The business community has been angling for a slice of the freight logistics pie for years, and public-private participation in the R300bn ($36.2bn) final cost might be promising if comments by Transnet’s CEO, Brian Molefe, that “we are looking at the private sector to participate in the project” have the significance they suggest.
“There is an opportunity here for the private sector to both invest in the dug-out port project and also possibly be involved in the new port’s operations,” he says. “ This could be a public-private partnership. The private sector needs to play a role.”
But such pronouncements are nothing new. “We’ve heard it all before,” says a maritime services company executive who asked not to be named, “and nothing much has ever come of it.”
PPP building blocks
Cynthia Carroll, chief of resources giant Anglo American, says her organisation has already shown that partnership works, and while this journey still has a way to go, “the truth is that partnership is the only approach that works. The policy choices South Africa will make over the coming weeks and months will have a profound impact on the future of the mining industry”.
A bogey that keeps raising its head and one that has split policy makers in the ruling ANC-led tripartite alliance is the recurring call for the nationalisation of the mining industry. Increasingly, the call across Africa’s socio-political spectrum is over the critical role of the private sector in driving continental growth.

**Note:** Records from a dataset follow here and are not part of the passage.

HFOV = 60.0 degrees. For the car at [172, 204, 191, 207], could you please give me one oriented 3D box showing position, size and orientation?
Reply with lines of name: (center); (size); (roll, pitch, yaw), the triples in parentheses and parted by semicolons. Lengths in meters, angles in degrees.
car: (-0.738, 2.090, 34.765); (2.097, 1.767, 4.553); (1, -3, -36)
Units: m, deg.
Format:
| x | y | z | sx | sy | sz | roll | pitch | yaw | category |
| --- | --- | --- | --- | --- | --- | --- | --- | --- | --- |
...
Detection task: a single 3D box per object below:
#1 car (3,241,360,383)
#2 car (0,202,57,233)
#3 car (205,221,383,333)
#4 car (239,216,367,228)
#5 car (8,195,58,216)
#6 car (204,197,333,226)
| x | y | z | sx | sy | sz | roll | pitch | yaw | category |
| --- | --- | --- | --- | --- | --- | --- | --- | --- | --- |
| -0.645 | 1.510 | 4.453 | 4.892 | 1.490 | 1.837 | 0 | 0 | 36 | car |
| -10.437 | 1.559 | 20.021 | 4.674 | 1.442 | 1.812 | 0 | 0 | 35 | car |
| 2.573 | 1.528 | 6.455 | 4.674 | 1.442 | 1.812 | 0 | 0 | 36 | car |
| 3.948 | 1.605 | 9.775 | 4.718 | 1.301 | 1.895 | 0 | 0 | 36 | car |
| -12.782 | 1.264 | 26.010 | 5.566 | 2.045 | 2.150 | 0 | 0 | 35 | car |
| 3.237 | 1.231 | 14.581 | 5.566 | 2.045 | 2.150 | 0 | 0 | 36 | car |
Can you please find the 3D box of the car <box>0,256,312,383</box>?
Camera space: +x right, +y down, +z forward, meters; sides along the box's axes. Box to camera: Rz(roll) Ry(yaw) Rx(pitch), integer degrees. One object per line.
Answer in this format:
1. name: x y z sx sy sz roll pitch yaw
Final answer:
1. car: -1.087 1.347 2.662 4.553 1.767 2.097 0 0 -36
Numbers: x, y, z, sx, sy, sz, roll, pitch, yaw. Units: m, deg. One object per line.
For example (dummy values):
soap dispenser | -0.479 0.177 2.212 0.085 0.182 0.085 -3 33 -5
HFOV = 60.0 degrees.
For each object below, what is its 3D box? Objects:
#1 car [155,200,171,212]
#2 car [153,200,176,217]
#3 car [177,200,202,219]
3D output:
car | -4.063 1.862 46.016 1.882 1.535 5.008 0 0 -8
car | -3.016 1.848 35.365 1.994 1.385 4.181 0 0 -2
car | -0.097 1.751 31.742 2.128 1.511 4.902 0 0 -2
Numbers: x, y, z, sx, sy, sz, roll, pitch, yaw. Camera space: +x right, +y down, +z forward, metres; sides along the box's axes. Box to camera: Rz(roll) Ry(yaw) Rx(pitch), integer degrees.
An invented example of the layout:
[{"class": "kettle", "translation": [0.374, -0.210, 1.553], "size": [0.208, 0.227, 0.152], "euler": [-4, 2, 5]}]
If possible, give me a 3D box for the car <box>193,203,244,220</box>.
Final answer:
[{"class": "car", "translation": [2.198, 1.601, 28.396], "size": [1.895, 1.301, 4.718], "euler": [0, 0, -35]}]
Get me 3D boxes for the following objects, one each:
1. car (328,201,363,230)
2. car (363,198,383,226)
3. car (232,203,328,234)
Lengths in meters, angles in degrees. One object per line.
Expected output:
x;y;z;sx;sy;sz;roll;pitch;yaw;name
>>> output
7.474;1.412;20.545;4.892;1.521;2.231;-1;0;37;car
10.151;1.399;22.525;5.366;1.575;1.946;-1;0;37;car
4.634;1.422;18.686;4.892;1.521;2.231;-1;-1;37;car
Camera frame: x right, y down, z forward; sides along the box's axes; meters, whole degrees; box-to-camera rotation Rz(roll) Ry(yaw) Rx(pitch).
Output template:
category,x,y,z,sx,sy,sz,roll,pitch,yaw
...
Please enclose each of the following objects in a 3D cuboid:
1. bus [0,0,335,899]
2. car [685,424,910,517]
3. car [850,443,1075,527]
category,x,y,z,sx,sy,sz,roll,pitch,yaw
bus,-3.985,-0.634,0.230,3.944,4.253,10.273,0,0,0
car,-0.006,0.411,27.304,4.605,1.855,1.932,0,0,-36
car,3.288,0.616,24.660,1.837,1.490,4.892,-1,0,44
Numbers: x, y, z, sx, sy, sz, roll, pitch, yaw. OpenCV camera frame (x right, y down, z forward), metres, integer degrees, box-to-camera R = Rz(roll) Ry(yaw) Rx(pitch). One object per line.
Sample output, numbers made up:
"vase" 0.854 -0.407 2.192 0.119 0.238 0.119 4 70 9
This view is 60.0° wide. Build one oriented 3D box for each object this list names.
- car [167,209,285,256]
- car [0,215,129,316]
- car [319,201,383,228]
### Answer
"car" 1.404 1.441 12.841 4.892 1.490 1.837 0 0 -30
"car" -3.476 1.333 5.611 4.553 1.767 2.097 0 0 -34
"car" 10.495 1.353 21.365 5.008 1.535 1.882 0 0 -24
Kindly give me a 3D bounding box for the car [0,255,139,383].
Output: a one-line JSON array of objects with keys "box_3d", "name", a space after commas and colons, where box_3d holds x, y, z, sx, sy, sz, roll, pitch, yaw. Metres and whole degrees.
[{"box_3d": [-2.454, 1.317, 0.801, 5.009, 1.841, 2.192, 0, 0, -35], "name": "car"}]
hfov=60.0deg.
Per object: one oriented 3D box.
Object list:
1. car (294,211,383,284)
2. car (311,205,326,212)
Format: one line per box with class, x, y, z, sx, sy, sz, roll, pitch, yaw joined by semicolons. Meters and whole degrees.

“Government commitments to cooperate with private enterprises in pursuit of national development objectives will generate significant gains if upheld,” maintains Kim Polley of consultants Africa Practice. “More specifically, Kenya and Uganda have both pledged to pass public private partnership (PPP) bills in the new financial year, which should pave the way for increased investment in infrastructure projects. Tanzania has already made considerable progress in this regard, with a regulatory framework in place.
Barclay proposes putting in place a few of the essential building blocks of PPP programme including the necessary institutional structures and arrangements for a regulator. “The diverse skill sets required to fully appreciate the mechanics of PPPs cannot be taught overnight. Burgeoning PPP units in Africa may consider seconding people with relevant skills from the private sector.”
Proponents of swift reparation to Africa’s wheel-spinning PPP environment hold that a new kind of thinking is emerging as younger, more contemporary, minds engage with the risk, reward and responsibility of the development state, having everyone involved in building the country and sharing in the wealth created.